IKUMA message
エネルギーと将来を見つめる冷静な目
2014年11月18日 井熊均
にわかに解散選挙の機運が高まってきましたが、日本は多くの政策課題を抱えています。選挙の有る無しに関わらず、一日も早く安定して政権ができ、政策課題の解決に邁進されることを願ってやみません。
私が長年かかわっているエネルギー分野は、政策の重要な転換期にあります。まずは、再生可能エネルギーです。2012年、日本でも固定価格取制度ができ再生可能エネルギーの導入量が急増しました。しかしながら、買取単価の設定方法などの問題で、投資バブルの様相を呈し、電力会社による送電線への接続見送りなどの問題が起きています。まだ、大きな問題になっていませんが、再生可能エネルギーの導入に伴う国民負担についても、近い将来議論が湧きあがることになるでしょう。

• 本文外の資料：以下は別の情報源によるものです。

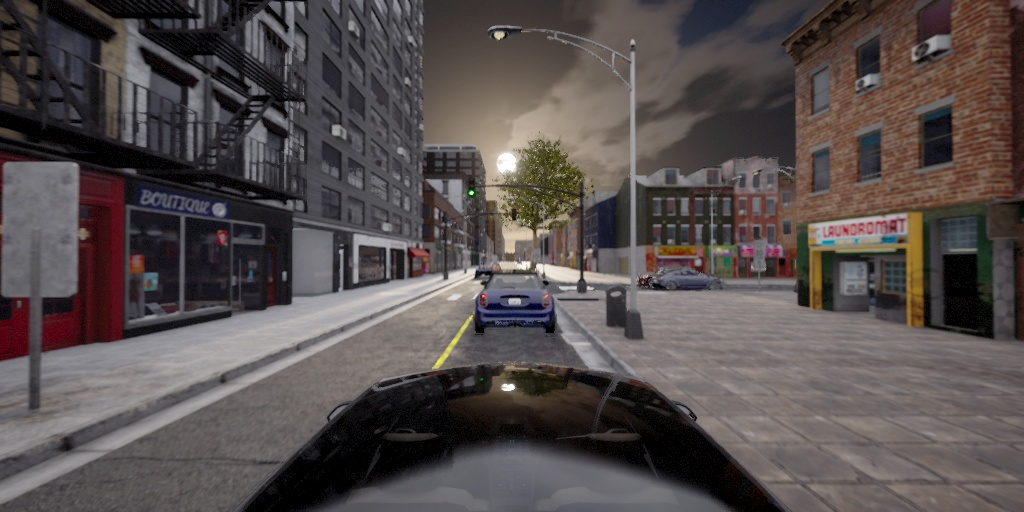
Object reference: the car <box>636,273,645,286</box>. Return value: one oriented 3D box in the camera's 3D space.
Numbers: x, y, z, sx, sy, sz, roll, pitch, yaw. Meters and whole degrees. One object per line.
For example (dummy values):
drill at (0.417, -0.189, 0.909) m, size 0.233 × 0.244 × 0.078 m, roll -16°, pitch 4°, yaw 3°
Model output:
car at (10.919, 1.446, 25.601) m, size 4.097 × 1.591 × 1.967 m, roll 0°, pitch 0°, yaw 0°

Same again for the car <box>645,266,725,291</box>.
car at (11.159, 1.543, 22.913) m, size 4.181 × 1.385 × 1.994 m, roll 0°, pitch -1°, yaw 0°

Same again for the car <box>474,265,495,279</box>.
car at (-2.842, 1.630, 37.770) m, size 1.895 × 1.301 × 4.718 m, roll 0°, pitch 0°, yaw 0°

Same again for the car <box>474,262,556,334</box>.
car at (0.083, 1.172, 11.012) m, size 2.097 × 1.767 × 4.553 m, roll 0°, pitch -1°, yaw 0°
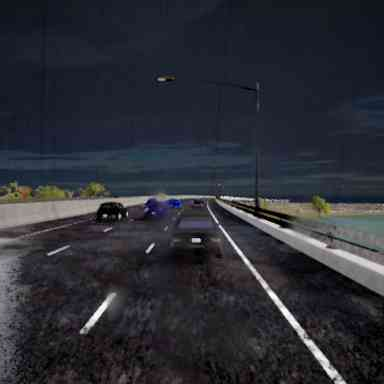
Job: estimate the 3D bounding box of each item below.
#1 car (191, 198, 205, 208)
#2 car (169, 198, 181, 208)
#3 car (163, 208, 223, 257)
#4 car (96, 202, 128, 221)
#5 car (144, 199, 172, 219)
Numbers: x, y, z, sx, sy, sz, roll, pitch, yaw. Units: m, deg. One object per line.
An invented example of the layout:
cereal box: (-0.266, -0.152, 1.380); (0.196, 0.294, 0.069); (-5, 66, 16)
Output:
car: (0.915, 1.644, 52.449); (2.128, 1.511, 4.902); (0, 0, 2)
car: (-2.707, 1.612, 48.219); (1.882, 1.535, 5.008); (0, 0, 2)
car: (0.152, 1.577, 13.016); (2.033, 1.411, 5.357); (0, 0, 0)
car: (-6.660, 1.572, 28.026); (1.837, 1.490, 4.892); (0, 0, 1)
car: (-3.133, 1.598, 29.863); (1.812, 1.442, 4.674); (0, 0, 1)
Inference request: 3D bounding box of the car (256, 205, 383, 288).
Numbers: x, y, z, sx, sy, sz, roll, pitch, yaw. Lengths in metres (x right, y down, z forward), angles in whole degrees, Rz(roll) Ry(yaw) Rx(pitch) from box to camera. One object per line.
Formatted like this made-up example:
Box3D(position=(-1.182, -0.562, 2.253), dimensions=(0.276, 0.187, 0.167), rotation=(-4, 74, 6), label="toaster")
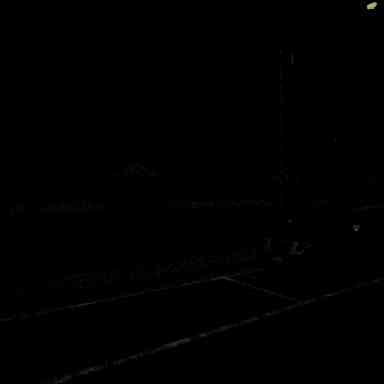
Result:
Box3D(position=(4.104, 1.313, 9.466), dimensions=(5.009, 1.841, 2.192), rotation=(0, 0, -36), label="car")
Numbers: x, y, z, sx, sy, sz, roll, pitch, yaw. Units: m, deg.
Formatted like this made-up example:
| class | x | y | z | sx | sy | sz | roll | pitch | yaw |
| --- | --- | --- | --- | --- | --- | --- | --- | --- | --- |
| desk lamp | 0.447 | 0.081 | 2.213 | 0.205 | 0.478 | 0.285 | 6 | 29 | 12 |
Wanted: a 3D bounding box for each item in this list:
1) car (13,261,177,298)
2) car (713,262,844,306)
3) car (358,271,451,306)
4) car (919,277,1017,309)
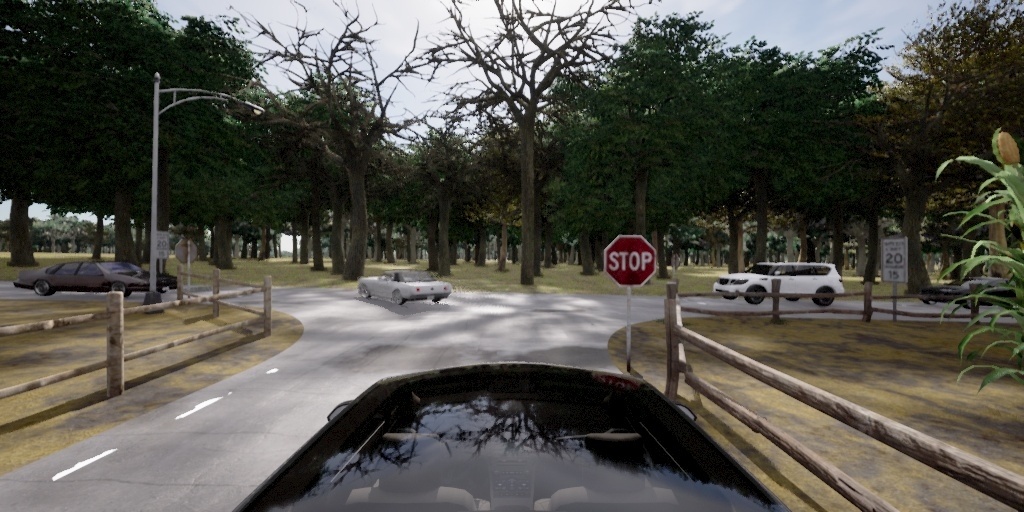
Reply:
| class | x | y | z | sx | sy | sz | roll | pitch | yaw |
| --- | --- | --- | --- | --- | --- | --- | --- | --- | --- |
| car | -17.034 | 0.914 | 14.898 | 5.357 | 1.411 | 2.033 | 1 | 0 | 0 |
| car | 13.146 | 1.305 | 17.813 | 5.566 | 2.045 | 2.150 | 1 | 0 | -1 |
| car | -4.705 | 1.260 | 15.211 | 4.718 | 1.301 | 1.895 | 1 | 0 | 44 |
| car | 23.351 | 1.804 | 17.822 | 5.008 | 1.535 | 1.882 | 1 | 0 | 0 |
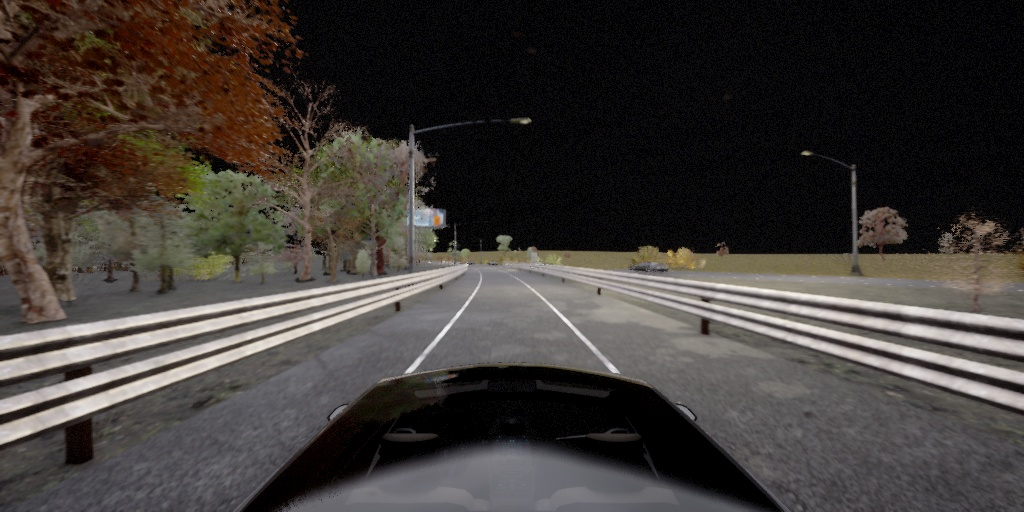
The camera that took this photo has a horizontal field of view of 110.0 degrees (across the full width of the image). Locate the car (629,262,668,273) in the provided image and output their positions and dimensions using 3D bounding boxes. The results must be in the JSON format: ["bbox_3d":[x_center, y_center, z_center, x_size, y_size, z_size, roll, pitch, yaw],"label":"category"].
[{"bbox_3d":[17.252,1.426,45.538,2.033,1.411,5.357,0,-1,-22],"label":"car"}]

次は、原子力発電の再稼働です。九州電力の川内原子力発電所は原子力規制委員会の技術的な承認、地元自治体による同意を経て再稼働に向けて動き出しました。私どもでは、原子力発電については、東日本大震災以前から、将来への継承のために慎重に維持すべき技術、としてきました。しかし、震災前は電力の半分を原子力発電で賄うという極端な計画が策定され、震災後には全国の原子力発電が止まる、など原子力発電の扱いは大きく振れてきました。
日本でもエネルギー政策では多様性が重要とされてきました。そのためには、エネルギーと将来を見つめる冷静な目が必要です。そうした姿勢が実現される政策が動き出すことを心から期待します。
※メッセージは執筆者の個人的見解であり、日本総研の公式見解を示すものではありません。